■ **AIM OF THE EXERCISE**
Start at the line below containing "2. hard drive [0,433,172,479]" and stop at the line containing "6. fondant box [569,413,639,479]". Repeat every line of that stretch exactly, and nothing outside it.

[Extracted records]

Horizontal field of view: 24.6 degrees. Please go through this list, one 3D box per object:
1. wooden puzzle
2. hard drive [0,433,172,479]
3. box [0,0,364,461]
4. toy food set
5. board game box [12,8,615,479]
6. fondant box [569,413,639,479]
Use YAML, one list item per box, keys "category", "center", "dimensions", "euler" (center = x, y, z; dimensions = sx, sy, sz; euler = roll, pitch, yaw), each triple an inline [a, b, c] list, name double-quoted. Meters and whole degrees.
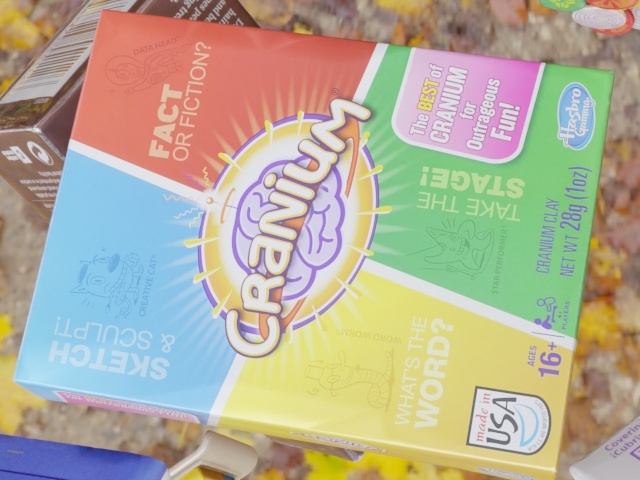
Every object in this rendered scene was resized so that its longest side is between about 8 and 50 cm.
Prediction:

--

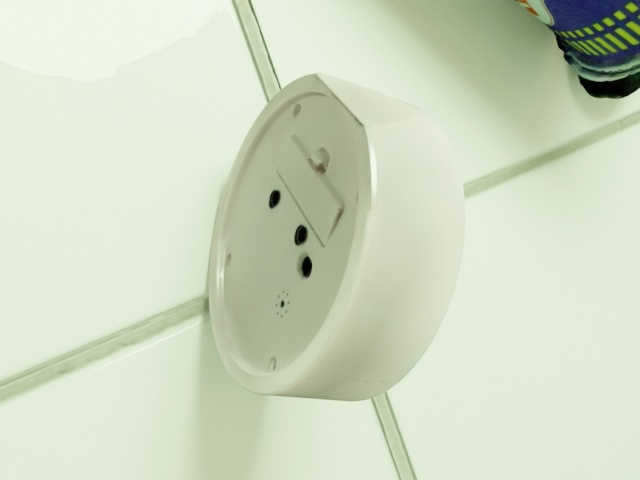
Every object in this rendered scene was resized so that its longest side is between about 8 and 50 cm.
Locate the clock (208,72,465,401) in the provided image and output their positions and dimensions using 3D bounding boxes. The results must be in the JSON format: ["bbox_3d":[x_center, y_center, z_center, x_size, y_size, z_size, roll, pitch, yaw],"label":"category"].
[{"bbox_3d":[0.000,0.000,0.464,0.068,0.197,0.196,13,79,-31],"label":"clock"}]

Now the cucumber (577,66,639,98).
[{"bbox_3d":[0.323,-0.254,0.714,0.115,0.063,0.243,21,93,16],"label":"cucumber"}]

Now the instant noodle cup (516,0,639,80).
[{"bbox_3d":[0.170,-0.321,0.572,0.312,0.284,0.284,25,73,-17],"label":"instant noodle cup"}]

■ **OUTPUT BELOW**
2. hard drive [0,433,172,479]
3. box [0,0,364,461]
4. toy food set
5. board game box [12,8,615,479]
6. fondant box [569,413,639,479]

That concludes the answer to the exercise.